Cells linked together in collectives by L-CAMs form borders with other cells linked together in other collectives by N-CAMs. The borders result because the two kinds of molecules do not stick to each other. Edelman and his colleagues have shown that cells on one side of the border will subsequently change into more specialized cells of one kind, and those on the other side of the border will become specialized cells of another kind. Throughout embryonic development, borders are formed between cells that are linked together with different CAMs, and following border formation the cells specialize. As the cells differentiate further, new CAM borders are formed before new changes are introduced by signals from the cell groups to the genes that activate both CAMs and the genes that specify cell specialization. Depending on the past history of the two cell groups, signals exchanged at the border between collections of N-CAM and L-CAM cells will determine the subsequent formation of very different kinds of cells on each side of the border. (Recently a chemical signal that activates CAM production has been identified.)

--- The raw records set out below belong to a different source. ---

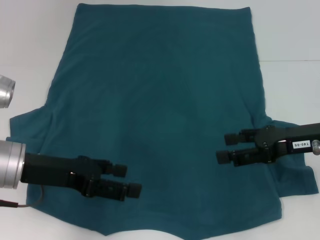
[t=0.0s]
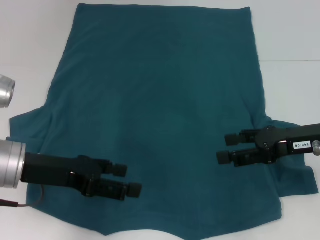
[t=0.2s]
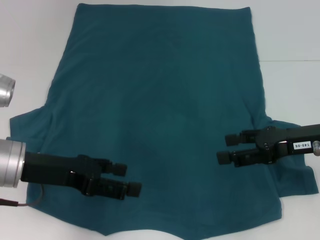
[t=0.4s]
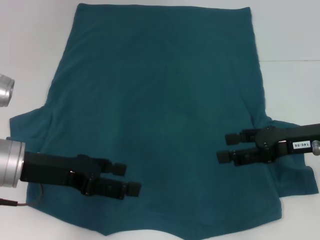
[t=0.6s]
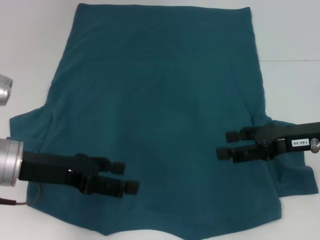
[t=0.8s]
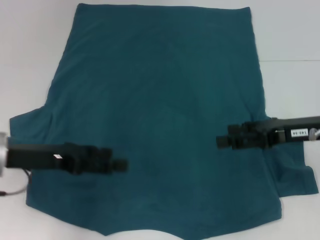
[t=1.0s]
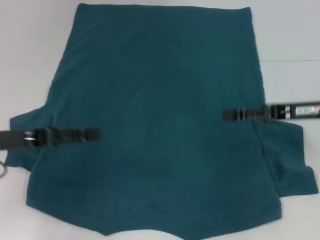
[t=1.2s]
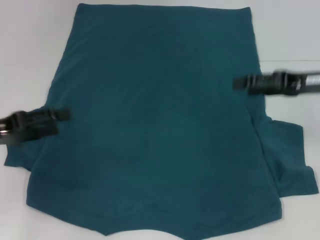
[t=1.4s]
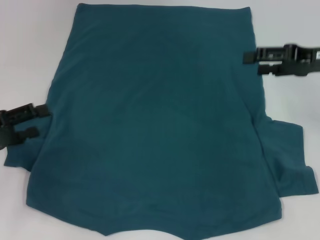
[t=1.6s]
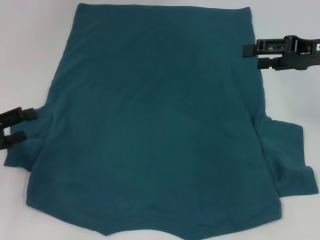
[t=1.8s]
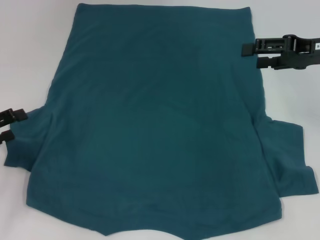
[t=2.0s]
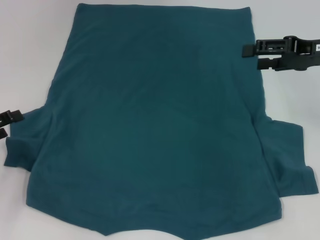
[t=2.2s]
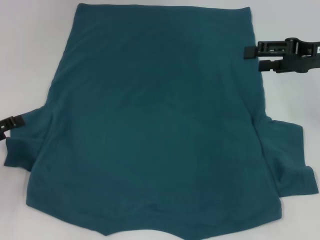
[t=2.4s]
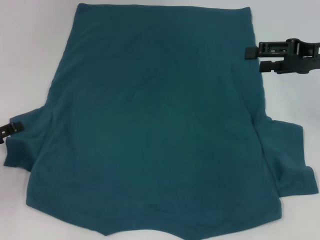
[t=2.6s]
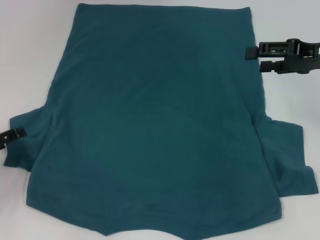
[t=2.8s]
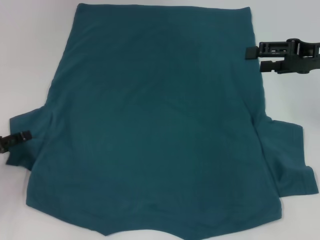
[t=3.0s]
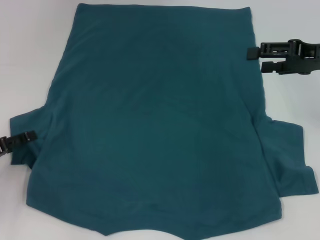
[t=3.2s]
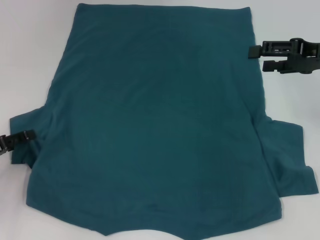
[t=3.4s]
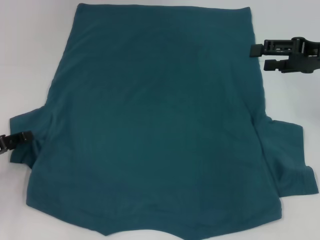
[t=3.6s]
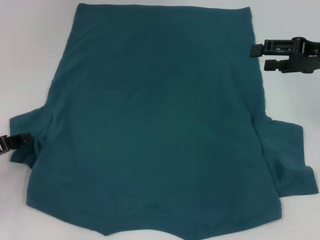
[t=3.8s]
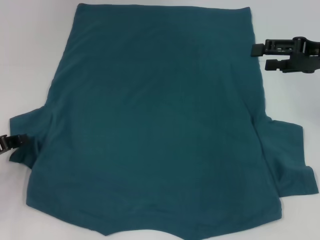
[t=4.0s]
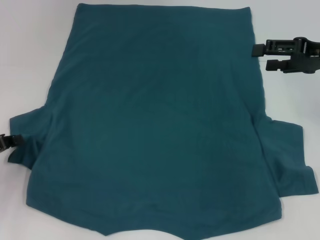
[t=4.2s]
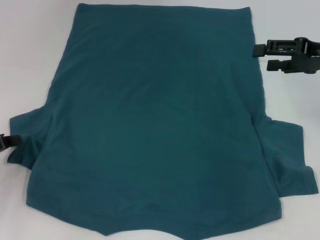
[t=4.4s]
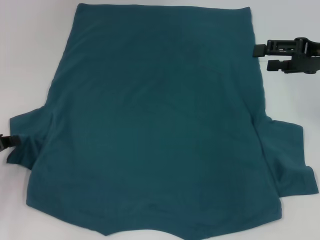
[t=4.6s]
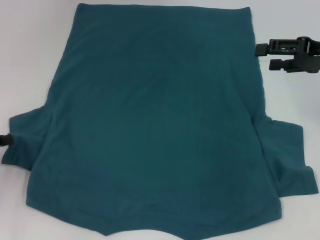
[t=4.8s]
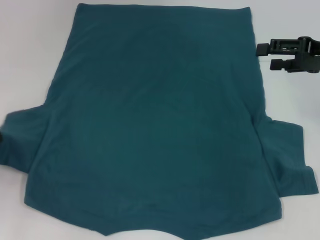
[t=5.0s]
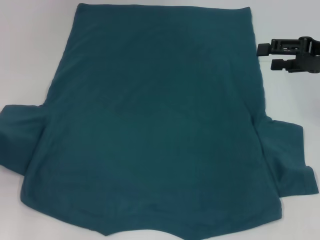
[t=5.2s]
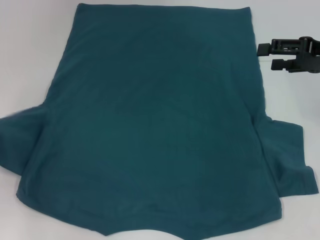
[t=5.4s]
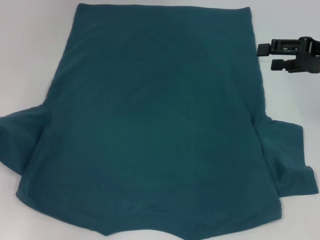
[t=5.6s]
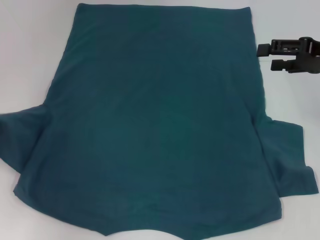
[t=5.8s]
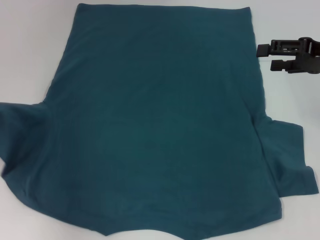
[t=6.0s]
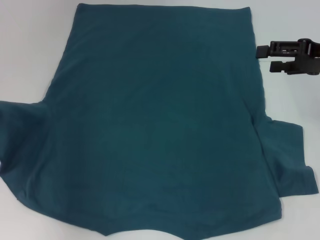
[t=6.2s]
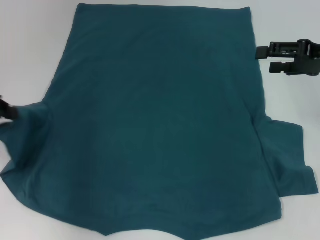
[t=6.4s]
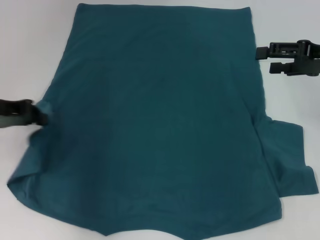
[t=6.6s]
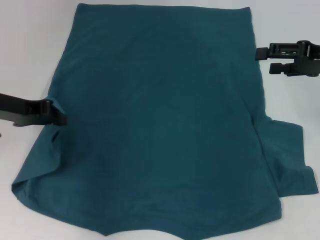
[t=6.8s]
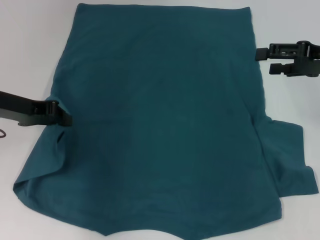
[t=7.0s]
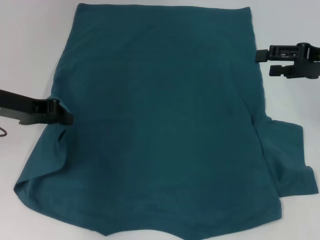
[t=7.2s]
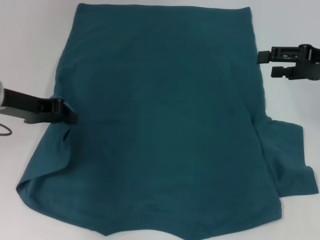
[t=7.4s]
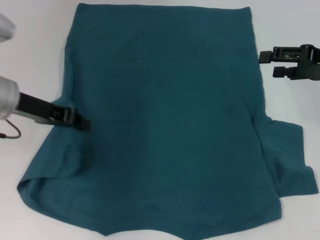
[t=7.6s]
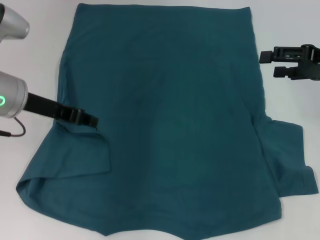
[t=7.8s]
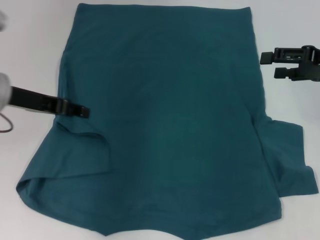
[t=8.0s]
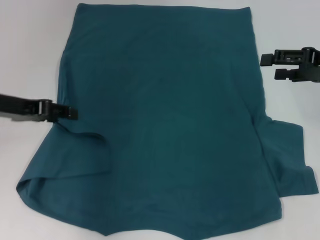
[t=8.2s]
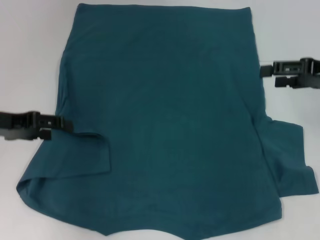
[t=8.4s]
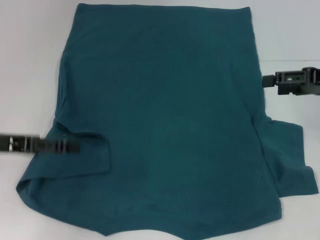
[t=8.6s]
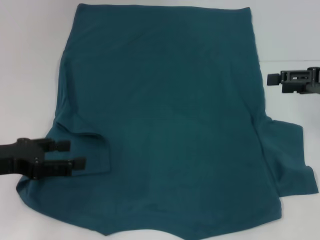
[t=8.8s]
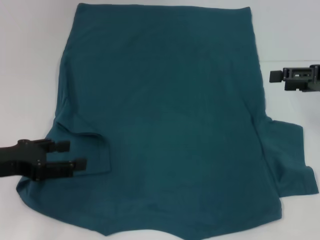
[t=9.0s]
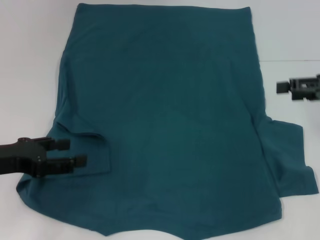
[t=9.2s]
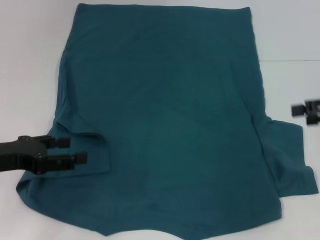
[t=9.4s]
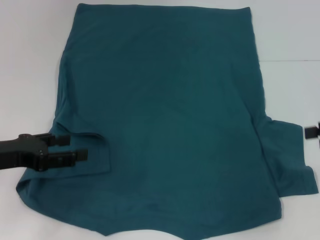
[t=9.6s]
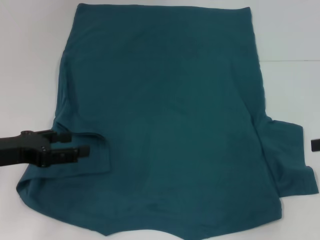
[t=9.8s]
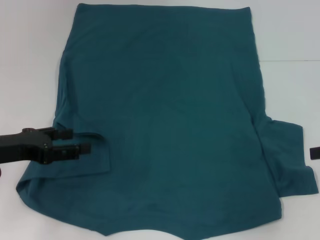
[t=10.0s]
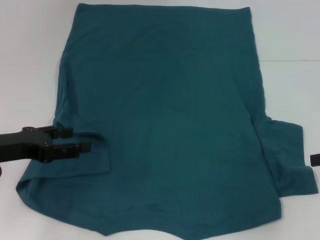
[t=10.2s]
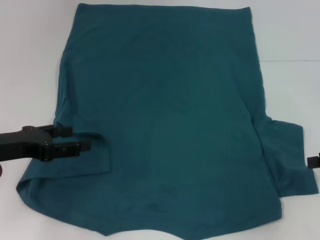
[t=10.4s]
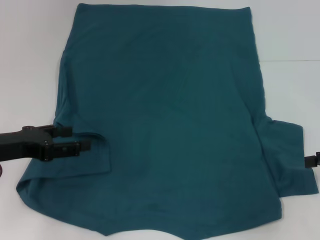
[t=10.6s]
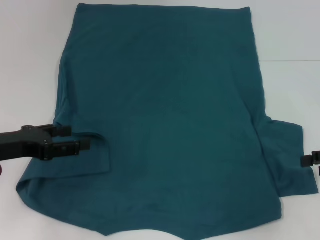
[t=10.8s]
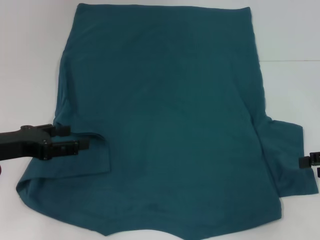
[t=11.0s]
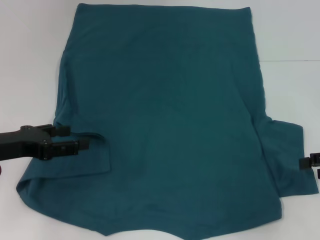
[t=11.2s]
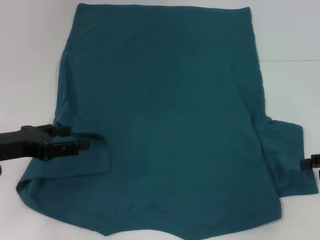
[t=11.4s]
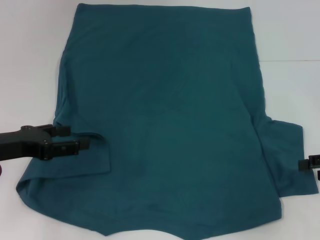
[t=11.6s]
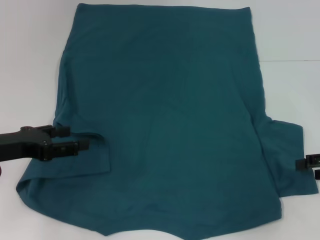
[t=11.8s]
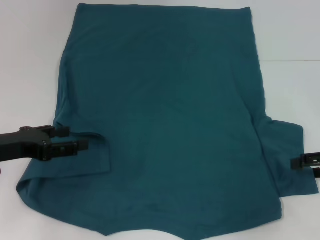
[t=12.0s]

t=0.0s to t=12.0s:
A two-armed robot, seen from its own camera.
Step, t=0.0s to t=8.2s: Fold the bottom left sleeve with your left hand.
t=0.0s to t=1.6s: The right gripper shifts some 10 cm forward and upward. The left gripper moves to the left, about 10 cm.
t=1.6s to t=3.0s: The left gripper is displaced downward by roughly 5 cm.
t=4.4s to t=6.0s: The left gripper moves upward, roughly 10 cm.
t=6.0s to t=7.6s: The left gripper shifts about 15 cm to the right.
t=7.6s to t=9.0s: The left gripper moves backward and to the left, some 10 cm, and opens its fingers.
t=9.0s to t=10.4s: The right gripper heads backward and to the right, covering about 10 cm.

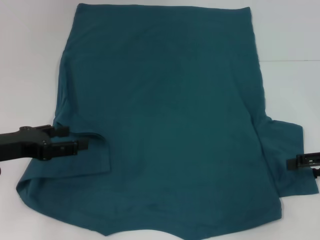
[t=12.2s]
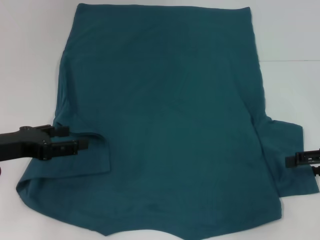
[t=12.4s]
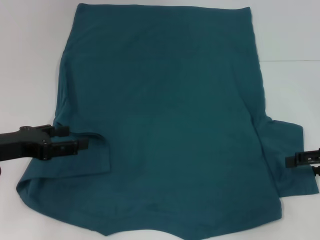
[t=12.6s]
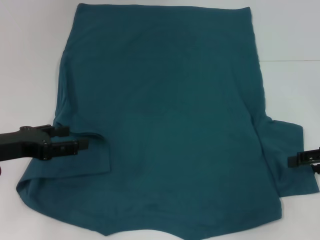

The function of the border between cell groups with different CAMs thus depends on the context—the surrounding cells, and the past history of the cells. In general, moreover, the rules governing CAM response are similar both for the neurons of the brain and for other body structures. Because the borders of cell collectives depend on dynamics of movement, there will be individual variations that are not determined just by genes and whose diversity will ensure that different brains would have different structures. Yet the general patterns formed and the broadly similar sequences of embryonic development would account for the fact that the individual brains of members of a species resemble one another.